▸ **Study material**:
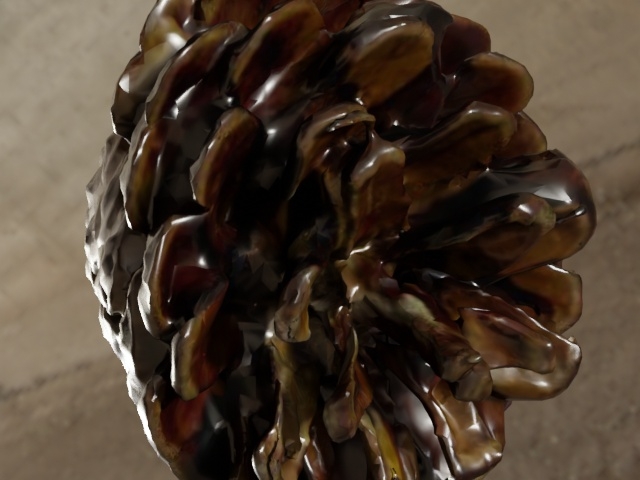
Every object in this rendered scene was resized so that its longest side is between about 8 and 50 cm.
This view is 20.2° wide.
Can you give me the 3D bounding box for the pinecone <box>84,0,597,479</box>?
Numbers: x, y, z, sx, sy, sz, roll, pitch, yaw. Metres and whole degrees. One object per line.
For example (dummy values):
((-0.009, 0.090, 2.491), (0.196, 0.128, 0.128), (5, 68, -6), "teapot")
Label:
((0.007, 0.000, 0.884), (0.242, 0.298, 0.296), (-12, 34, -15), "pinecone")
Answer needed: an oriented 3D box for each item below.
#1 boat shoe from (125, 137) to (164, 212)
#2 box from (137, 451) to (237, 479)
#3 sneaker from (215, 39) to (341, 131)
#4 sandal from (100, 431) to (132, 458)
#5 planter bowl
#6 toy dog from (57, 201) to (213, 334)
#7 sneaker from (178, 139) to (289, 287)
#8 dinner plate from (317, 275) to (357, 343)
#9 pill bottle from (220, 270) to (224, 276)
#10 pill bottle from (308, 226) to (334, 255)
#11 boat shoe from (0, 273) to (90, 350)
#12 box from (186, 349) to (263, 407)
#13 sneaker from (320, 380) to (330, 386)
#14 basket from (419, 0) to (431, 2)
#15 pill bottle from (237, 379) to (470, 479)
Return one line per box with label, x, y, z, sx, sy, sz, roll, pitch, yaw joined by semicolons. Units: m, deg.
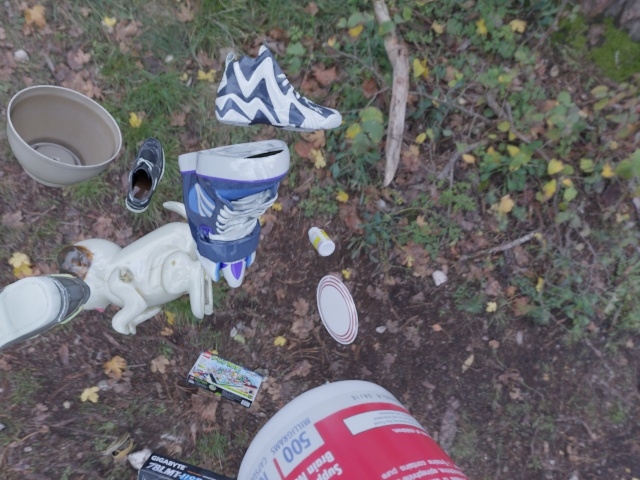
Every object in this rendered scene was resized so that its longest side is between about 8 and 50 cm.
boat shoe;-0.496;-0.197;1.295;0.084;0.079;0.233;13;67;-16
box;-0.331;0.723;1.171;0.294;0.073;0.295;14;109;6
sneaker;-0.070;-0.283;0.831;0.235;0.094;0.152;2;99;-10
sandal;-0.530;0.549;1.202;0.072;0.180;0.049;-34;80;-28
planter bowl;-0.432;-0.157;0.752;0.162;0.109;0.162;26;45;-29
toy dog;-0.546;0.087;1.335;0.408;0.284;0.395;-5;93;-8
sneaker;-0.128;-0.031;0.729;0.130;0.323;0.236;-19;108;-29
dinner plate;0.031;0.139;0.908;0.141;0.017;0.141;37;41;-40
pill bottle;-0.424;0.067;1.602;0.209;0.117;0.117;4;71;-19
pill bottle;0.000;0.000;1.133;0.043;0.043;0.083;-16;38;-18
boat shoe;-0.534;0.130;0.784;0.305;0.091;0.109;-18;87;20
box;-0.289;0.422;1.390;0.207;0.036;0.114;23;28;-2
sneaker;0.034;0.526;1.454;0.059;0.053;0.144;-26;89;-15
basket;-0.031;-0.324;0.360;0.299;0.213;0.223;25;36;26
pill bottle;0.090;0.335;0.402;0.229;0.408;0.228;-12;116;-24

▸ **Exercise directions**: Give every record again word for word, pictures excluded.

▸ **Result of this exercise**:
Every object in this rendered scene was resized so that its longest side is between about 8 and 50 cm.
This view is 20.2° wide.
Can you give me the 3D bounding box for the pinecone <box>84,0,597,479</box>?
Numbers: x, y, z, sx, sy, sz, roll, pitch, yaw. Metres and whole degrees. One object per line.
For example (dummy values):
((-0.009, 0.090, 2.491), (0.196, 0.128, 0.128), (5, 68, -6), "teapot")
Label:
((0.007, 0.000, 0.884), (0.242, 0.298, 0.296), (-12, 34, -15), "pinecone")
Answer needed: an oriented 3D box for each item below.
#1 boat shoe from (125, 137) to (164, 212)
#2 box from (137, 451) to (237, 479)
#3 sneaker from (215, 39) to (341, 131)
#4 sandal from (100, 431) to (132, 458)
#5 planter bowl
#6 toy dog from (57, 201) to (213, 334)
#7 sneaker from (178, 139) to (289, 287)
#8 dinner plate from (317, 275) to (357, 343)
#9 pill bottle from (220, 270) to (224, 276)
#10 pill bottle from (308, 226) to (334, 255)
#11 boat shoe from (0, 273) to (90, 350)
#12 box from (186, 349) to (263, 407)
#13 sneaker from (320, 380) to (330, 386)
#14 basket from (419, 0) to (431, 2)
#15 pill bottle from (237, 379) to (470, 479)
Return one line per box with label, x, y, z, sx, sy, sz, roll, pitch, yaw joined by semicolons. Units: m, deg.
Every object in this rendered scene was resized so that its longest side is between about 8 and 50 cm.
boat shoe;-0.496;-0.197;1.295;0.084;0.079;0.233;13;67;-16
box;-0.331;0.723;1.171;0.294;0.073;0.295;14;109;6
sneaker;-0.070;-0.283;0.831;0.235;0.094;0.152;2;99;-10
sandal;-0.530;0.549;1.202;0.072;0.180;0.049;-34;80;-28
planter bowl;-0.432;-0.157;0.752;0.162;0.109;0.162;26;45;-29
toy dog;-0.546;0.087;1.335;0.408;0.284;0.395;-5;93;-8
sneaker;-0.128;-0.031;0.729;0.130;0.323;0.236;-19;108;-29
dinner plate;0.031;0.139;0.908;0.141;0.017;0.141;37;41;-40
pill bottle;-0.424;0.067;1.602;0.209;0.117;0.117;4;71;-19
pill bottle;0.000;0.000;1.133;0.043;0.043;0.083;-16;38;-18
boat shoe;-0.534;0.130;0.784;0.305;0.091;0.109;-18;87;20
box;-0.289;0.422;1.390;0.207;0.036;0.114;23;28;-2
sneaker;0.034;0.526;1.454;0.059;0.053;0.144;-26;89;-15
basket;-0.031;-0.324;0.360;0.299;0.213;0.223;25;36;26
pill bottle;0.090;0.335;0.402;0.229;0.408;0.228;-12;116;-24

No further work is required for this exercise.